* **What the task asks**
Please return every line in the following data that includes the string "Calculate".

------------------------------------------------------------

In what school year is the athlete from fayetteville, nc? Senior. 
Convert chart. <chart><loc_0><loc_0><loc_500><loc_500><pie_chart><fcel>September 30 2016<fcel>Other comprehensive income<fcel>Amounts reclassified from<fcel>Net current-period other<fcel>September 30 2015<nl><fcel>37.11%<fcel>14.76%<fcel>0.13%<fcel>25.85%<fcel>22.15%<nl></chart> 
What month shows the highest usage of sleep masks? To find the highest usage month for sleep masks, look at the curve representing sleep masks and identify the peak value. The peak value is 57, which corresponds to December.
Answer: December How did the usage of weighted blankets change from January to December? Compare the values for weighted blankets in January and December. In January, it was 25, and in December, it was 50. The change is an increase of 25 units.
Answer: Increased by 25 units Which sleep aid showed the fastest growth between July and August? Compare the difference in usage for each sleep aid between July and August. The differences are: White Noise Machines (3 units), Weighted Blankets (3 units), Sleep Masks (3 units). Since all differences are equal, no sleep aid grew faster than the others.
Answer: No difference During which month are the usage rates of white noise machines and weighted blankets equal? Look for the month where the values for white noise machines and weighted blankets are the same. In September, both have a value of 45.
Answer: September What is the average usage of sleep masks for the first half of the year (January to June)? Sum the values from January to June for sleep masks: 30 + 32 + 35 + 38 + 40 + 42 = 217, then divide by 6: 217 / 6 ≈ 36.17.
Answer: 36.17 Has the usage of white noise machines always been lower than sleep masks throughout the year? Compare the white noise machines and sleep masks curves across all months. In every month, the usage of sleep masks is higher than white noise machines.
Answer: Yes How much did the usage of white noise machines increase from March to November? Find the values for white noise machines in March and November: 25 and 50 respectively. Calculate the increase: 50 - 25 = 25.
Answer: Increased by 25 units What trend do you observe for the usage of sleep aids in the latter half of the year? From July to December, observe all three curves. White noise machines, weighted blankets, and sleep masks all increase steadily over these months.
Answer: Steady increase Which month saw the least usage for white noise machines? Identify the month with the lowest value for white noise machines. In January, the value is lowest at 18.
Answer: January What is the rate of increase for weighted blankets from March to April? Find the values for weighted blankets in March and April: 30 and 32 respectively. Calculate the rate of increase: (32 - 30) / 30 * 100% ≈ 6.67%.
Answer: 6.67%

------------------------------------------------------------

* **Expected answer**
Answer: Yes How much did the usage of white noise machines increase from March to November? Find the values for white noise machines in March and November: 25 and 50 respectively. Calculate the increase: 50 - 25 = 25.
Answer: January What is the rate of increase for weighted blankets from March to April? Find the values for weighted blankets in March and April: 30 and 32 respectively. Calculate the rate of increase: (32 - 30) / 30 * 100% ≈ 6.67%.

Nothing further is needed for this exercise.